I had then to modify in energyplus_model.py:

def set_action(self, normalized_action):
        # In Stable Baselines, the action seems to be normalized to [-1.0, 1.0].
        # So it must be scaled back into action_space by the environment.

        self.action_prev = self.action
        self.action = np.clip(self.action, self.action_space.low, self.action_space.high)
        self.action = self.low_action + (normalized_action + 1.) * 0.5 * (self.high_action - self.low_action)

I dont remember if this was everything that was needed to make it work. So please let me know if it works.
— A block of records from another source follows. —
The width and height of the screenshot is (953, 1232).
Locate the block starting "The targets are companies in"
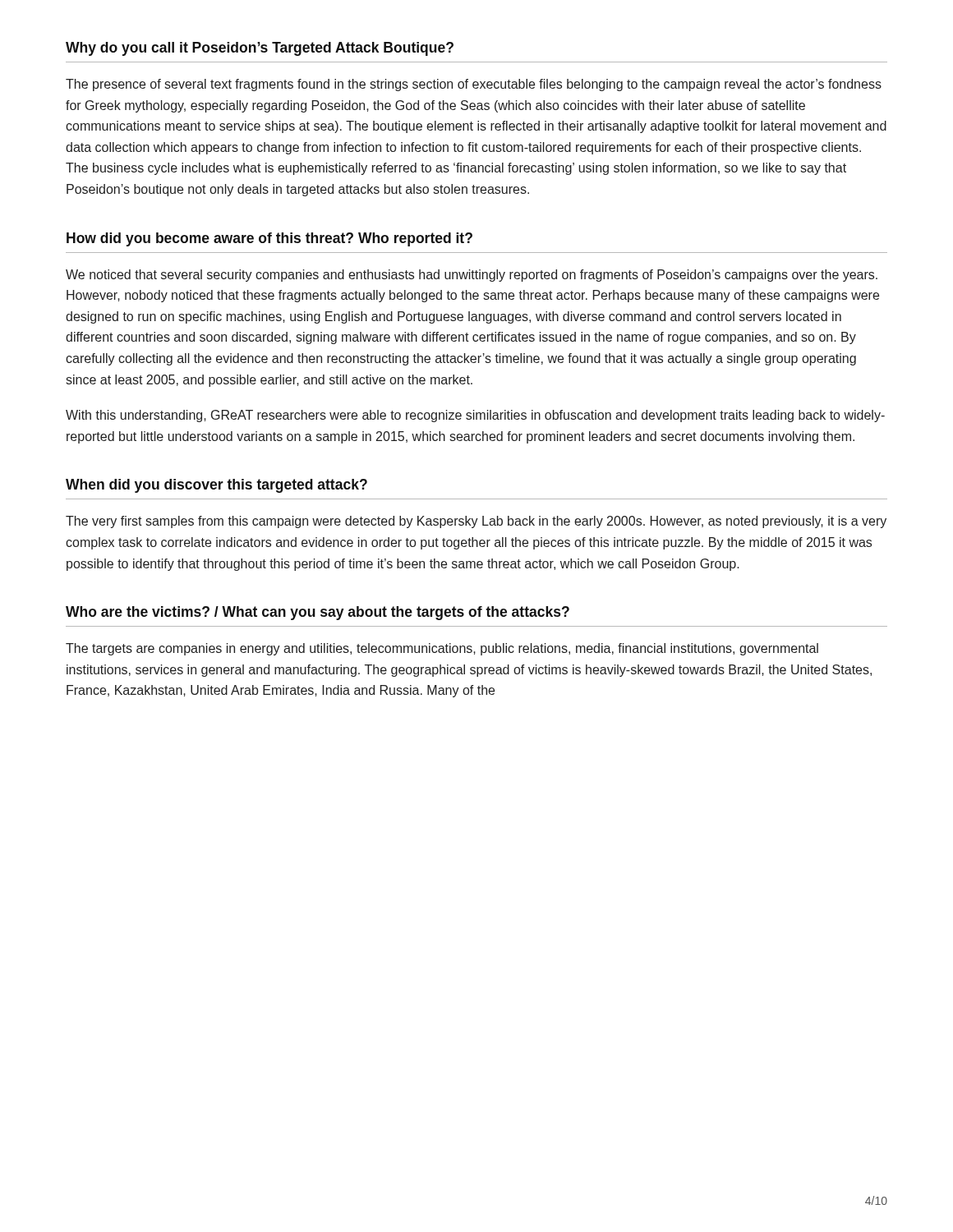point(469,670)
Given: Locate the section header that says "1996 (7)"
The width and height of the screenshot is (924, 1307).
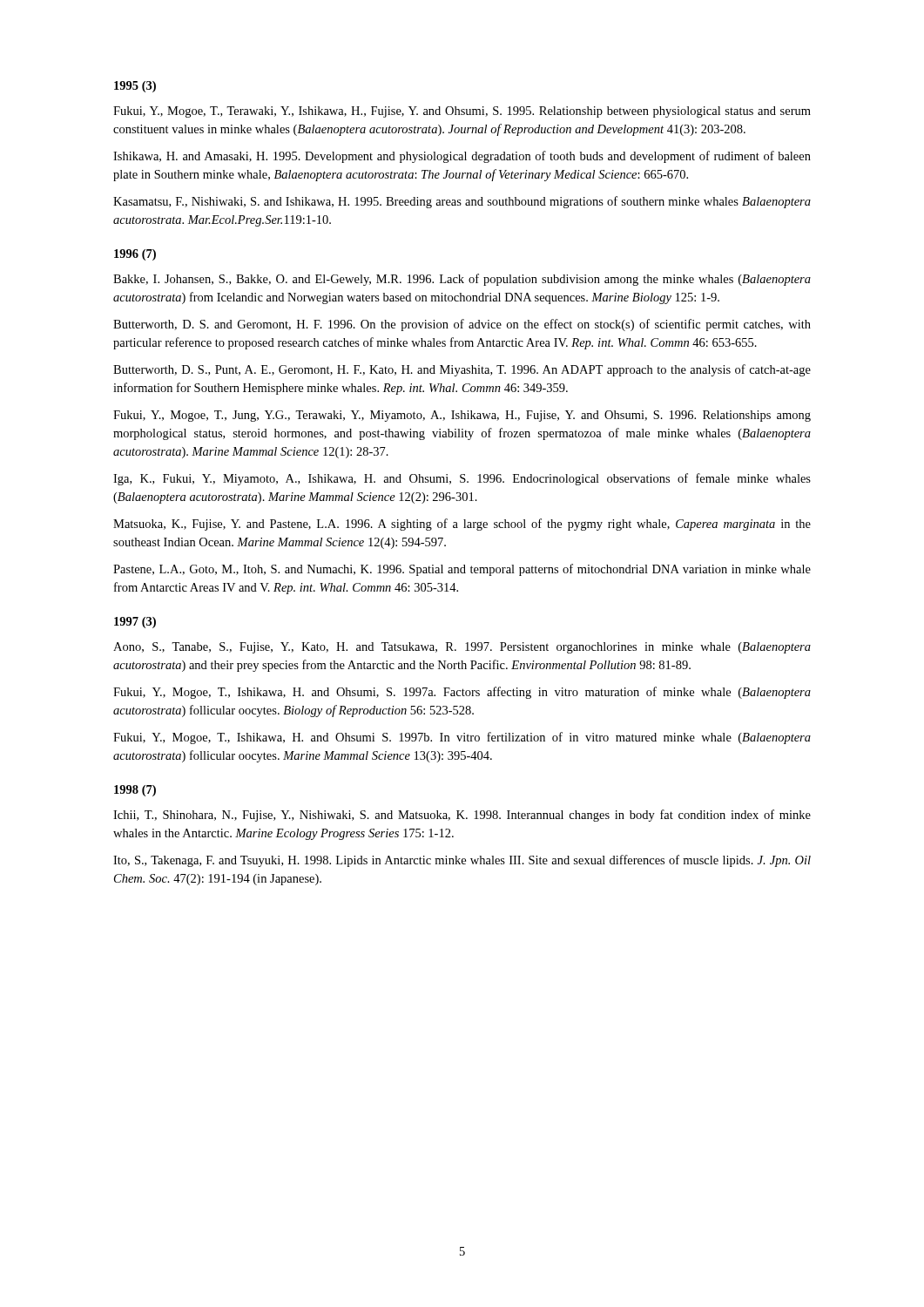Looking at the screenshot, I should click(x=135, y=254).
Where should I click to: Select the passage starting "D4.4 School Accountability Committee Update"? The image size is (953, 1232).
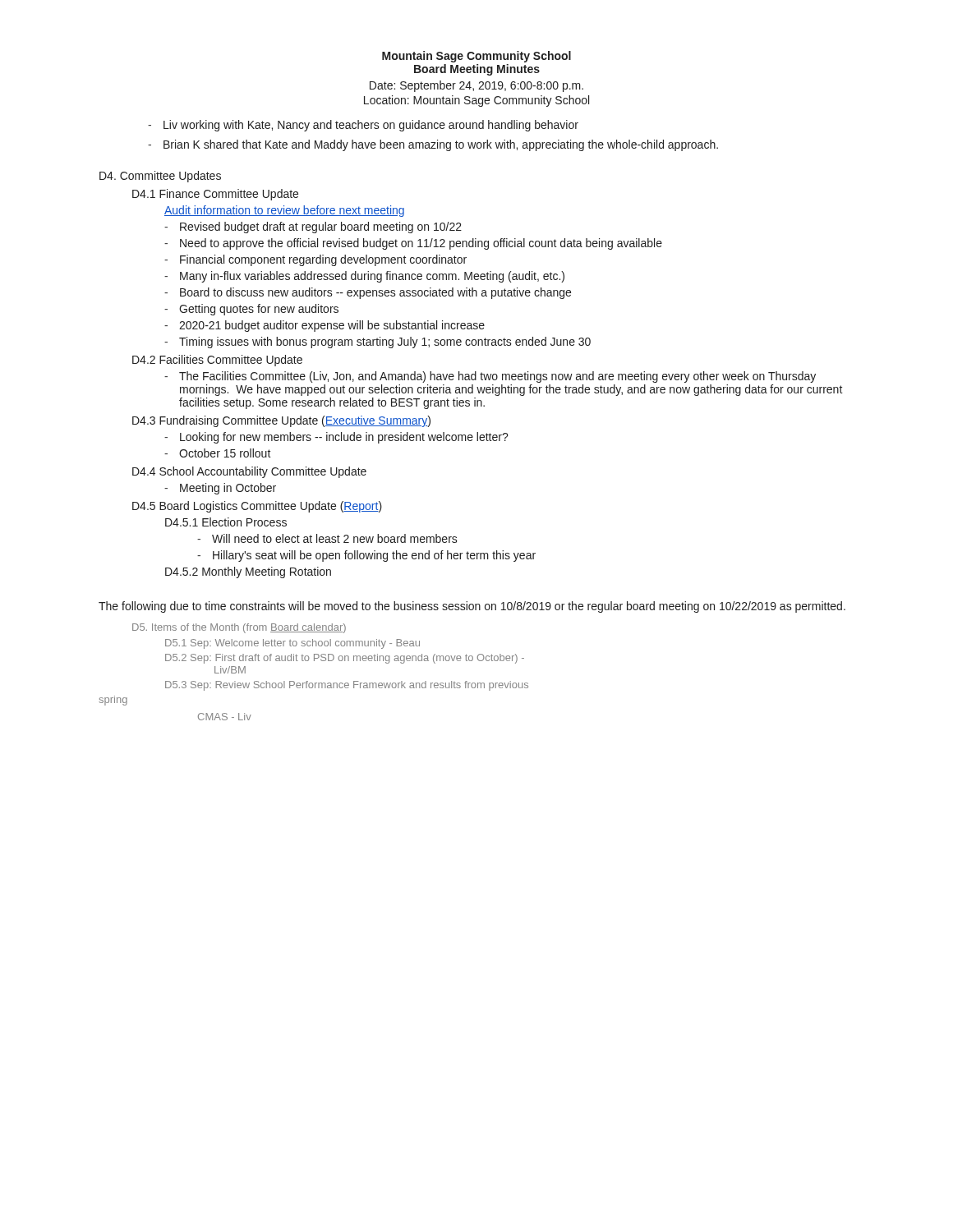coord(249,471)
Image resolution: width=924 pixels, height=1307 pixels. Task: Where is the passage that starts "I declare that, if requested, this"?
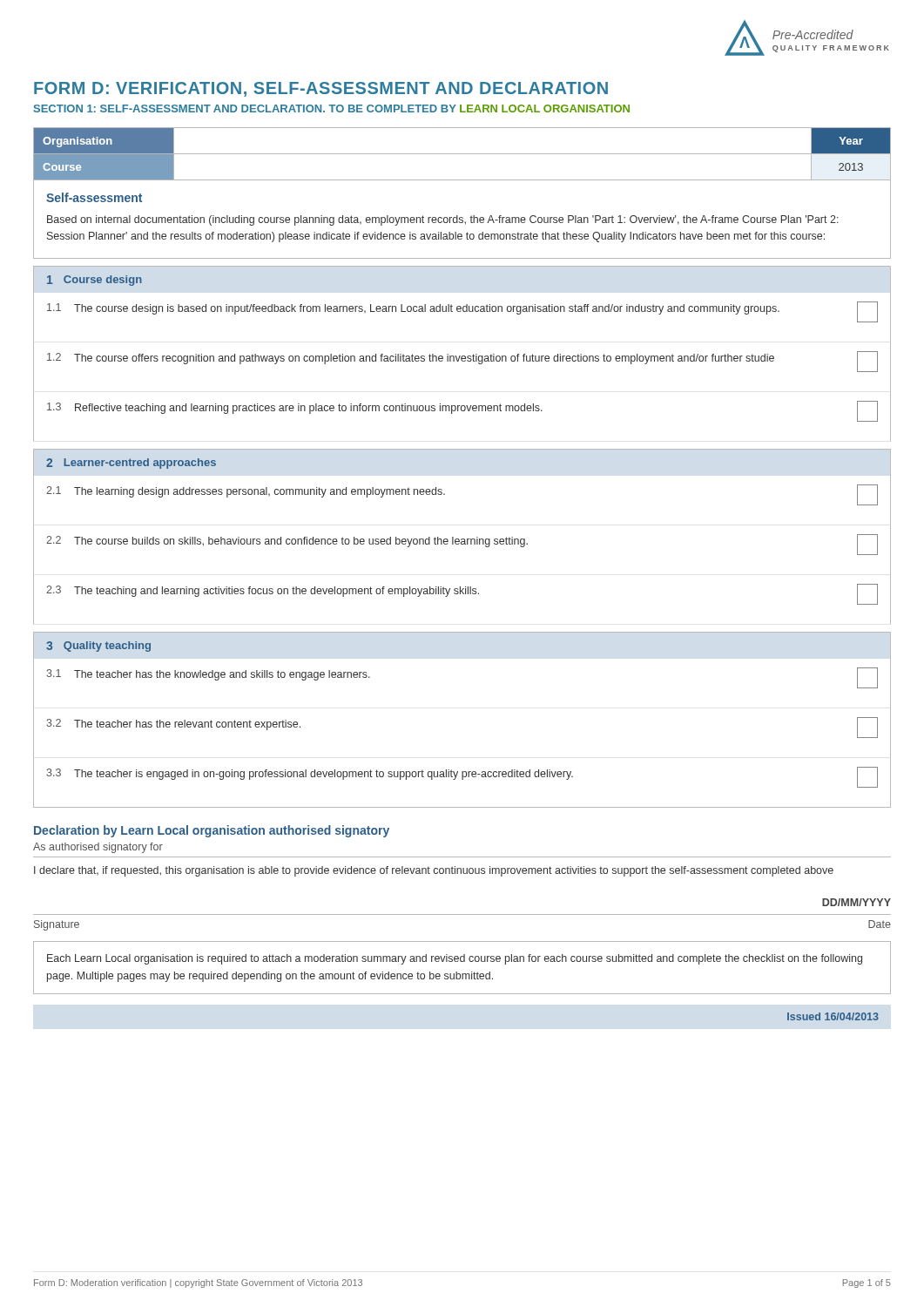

I guess with this all algorithms should work out of the box without having to use VecNormalise, as I suggested. This works with Stable Baselines, but not with the original Baselines for example.

This answers the question quite indirectly, Your problem is that the shape of the input tensor is wrong, so I suggest trying to use the function 'flatten()` somewhere to get the shapes right (depending if you are using Pytorch or Tensorflow, the function would be different).

revathij commented 3 years ago

Thank you so much for your quick response.

Hi i have used the TRPO from stablebaselines 2. I thought you have successfully implemented the TRPO using the stable baselines2

Infact i have checked your stable baselines branch as below.

In EnergyPlusModel2ZoneDataCenterHVAC_wEconomizer_Temp.py, it has the code below

def setup_spaces(self):

Bound action temperature

    lo = 10.0
    hi = 40.0
    self.low_action = np.array([10.0, 10.0])
    self.high_action = np.array([40.0, 40.0])
    self.low_obs = np.array([-20.0, -20.0, -20.0, 0.0, 0.0])
    self.high_obs = np.array([50.0, 50.0, 50.0, 1e5, 1e5])
    #self.action_space = spaces.Box(low =   np.array([ lo, lo]),
    #                               high =  np.array([ hi, hi]),
    #                               dtype = np.float32)
    #self.observation_space = spaces.Box(low =   np.array([-20.0, -20.0, -20.0,          0.0,          0.0,          0.0]),
    #                                    high =  np.array([ 50.0,  50.0,  50.0, 1000000000.0, 1000000000.0, 1000000000.0]),
    #                                    dtype = np.float32)

    #self.action_space = spaces.Box(low=-1, high=1, shape=(2,), dtype=np.float32)
    #self.observation_space = spaces.Box(low=-1, high=1,shape=(5,), dtype=np.float32)
    self.action_space = spaces.Box(low=-1, high=1, shape=(2,), dtype=np.float32)
    self.observation_space = spaces.Box(low=-1, high=1,shape=(5,), dtype=np.float32)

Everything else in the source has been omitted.